Although suitable for volumetric assessment, one of the pitfalls of imaging with gradient-echo techniques is susceptibility to image degradation in the presence of orthopaedic instrumentation or metallic debris following diagnostic arthroscopy. Fast spin-echo techniques, with the ability to directly visualize articular cartilage despite adjacent hardware, have proven more useful in the setting of instrumentation.35 One of the greatest advantages of fast spin-echo imaging of articular cartilage is the ability to generate images suitable for detection of subchondral bone, ligaments, and the surrounding soft-tissue
envelope, providing more efficient use of imaging time. Fast spin-echo images are cartilage-sensitive due to an inherent magnetization transfer contrast and exchange of off-resonance magnetization between slices, the net effect of which is to saturate the bound pool of hydrogen nuclei, resulting in a decrease in signal intensity from the free pool.36 This exchange results in relatively high signal intensity from fluid compared to the lower signal intensity of articular cartilage, providing an effective differential contrast among menisci, articular cartilage, and fluid in the meniscosynovial recesses (Fig. 7.5). With arthroscopy as a standard, Potter et al. found that articular surface evaluation using spin-echo sequences had a sensitivity of 87%, a specificity of 94%, and an accuracy of 92%, with minimal interobserver variability (kappa = 0.93).18 These findings of reproducibility support the use of MR imaging as a noninvasive and objective outcome measure of surgically manipulated cartilage and in the longitudinal evaluation of traumatic and degenerative cartilage lesions.

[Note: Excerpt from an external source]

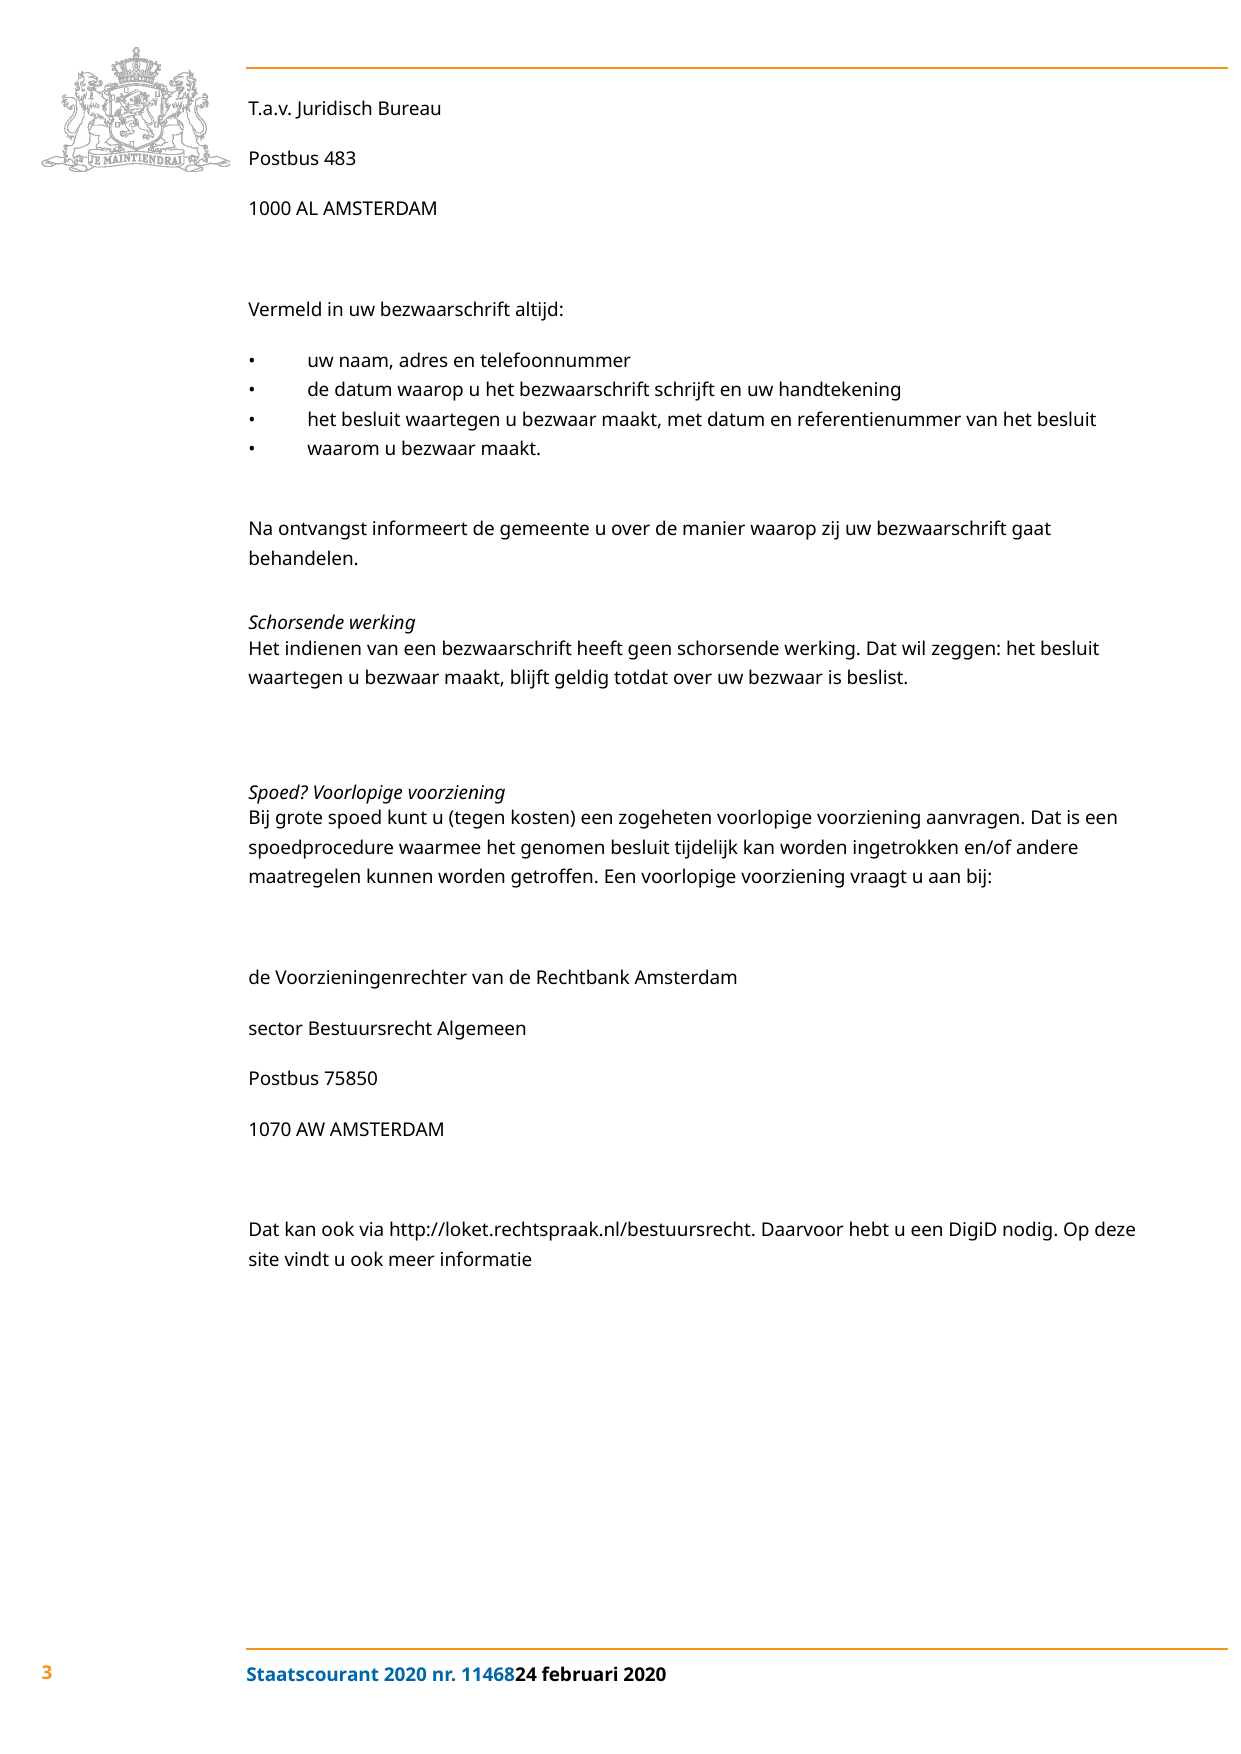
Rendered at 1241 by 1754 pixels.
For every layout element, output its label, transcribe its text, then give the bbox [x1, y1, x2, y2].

FIGURE 7.5 ● Sagittal fast spin-echo MR image of the knee in a 50-year-old patient demonstrates differential contrast for the high-signal-intensity joint fluid within the meniscosynovial recess (arrowhead), the intermediate signal intensity of hyaline cartilage, and the low signal intensity of meniscal fibrocartilage. Over the tibial plateau cartilage, note the gray-scale stratification (arrow) with lower signal intensity in the basilar components.

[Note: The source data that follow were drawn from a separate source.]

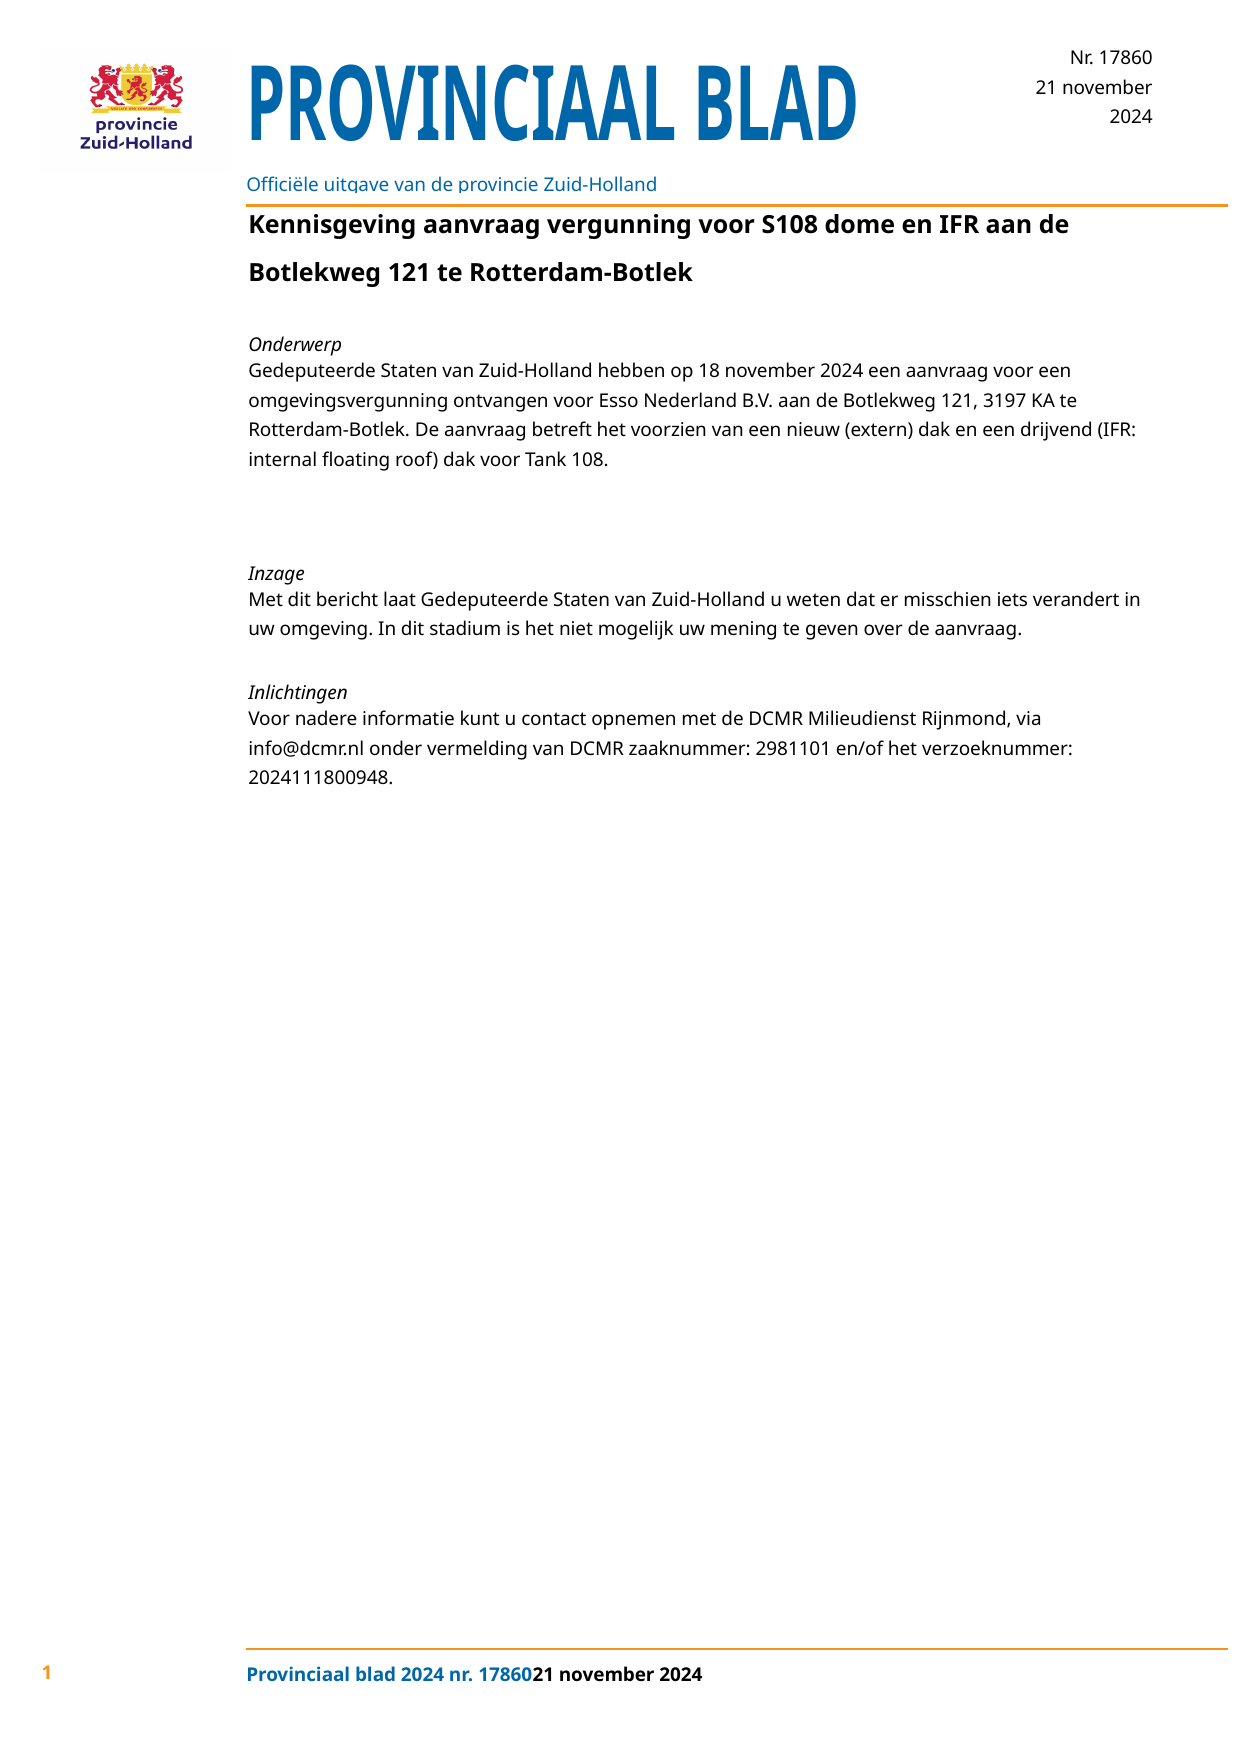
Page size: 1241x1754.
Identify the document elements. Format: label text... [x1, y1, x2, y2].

text Onderwerp [248, 331, 1152, 357]
picture [41, 47, 231, 172]
text Met dit bericht laat Gedeputeerde Staten van Zuid-Holland u weten dat er misschien iets verandert in uw omgeving. In dit stadium is het niet mogelijk uw mening te geven over de aanvraag. [248, 586, 1152, 641]
text Inlichtingen [248, 679, 1152, 705]
text Kennisgeving aanvraag vergunning voor S108 dome en IFR aan de Botlekweg 121 te Rotterdam-Botlek [248, 207, 1152, 288]
text Voor nadere informatie kunt u contact opnemen met de DCMR Milieudienst Rijnmond, via info@dcmr.nl onder vermelding van DCMR zaaknummer: 2981101 en/of het verzoeknummer: 2024111800948. [248, 705, 1152, 790]
text Inzage [248, 560, 1152, 586]
text Gedeputeerde Staten van Zuid-Holland hebben op 18 november 2024 een aanvraag voor een omgevingsvergunning ontvangen voor Esso Nederland B.V. aan de Botlekweg 121, 3197 KA te Rotterdam-Botlek. De aanvraag betreft het voorzien van een nieuw (extern) dak en een drijvend (IFR: internal floating roof) dak voor Tank 108. [248, 357, 1152, 472]

Fast spin-echo sequences use a relatively long repetition time (TR) (on the order of 3,500–5,000 msec) with a moderate to intermediate echo time (TE) (30–34 msec) for central K-space filling. High in-plane resolution (on the order of 250–350 μ in the frequency direction) imparts superior spatial resolution, which can make partial-thickness lesions more conspicuous compared to the gradient-echo techniques (Fig. 7.6). An essential element is the use of a wider receiver bandwidth
to minimize chemical shift misregistration as well as to reduce inter-echo spacing. Decreasing inter-echo spacing will minimize the edge blurring routinely encountered with fast spin-echo techniques performed at correspondingly narrower bandwidths with wider inter-echo spacing. The effect of chemical shift causes a misregistration at the interface between fat (subchondral bone) and water (cartilage), resulting in factitious loss of the subchondral plate, abnormal signal hyperintensity in the adjacent cartilage (due to the frequency shift summation), and inaccurate assessment of cartilage morphology (Fig. 7.7).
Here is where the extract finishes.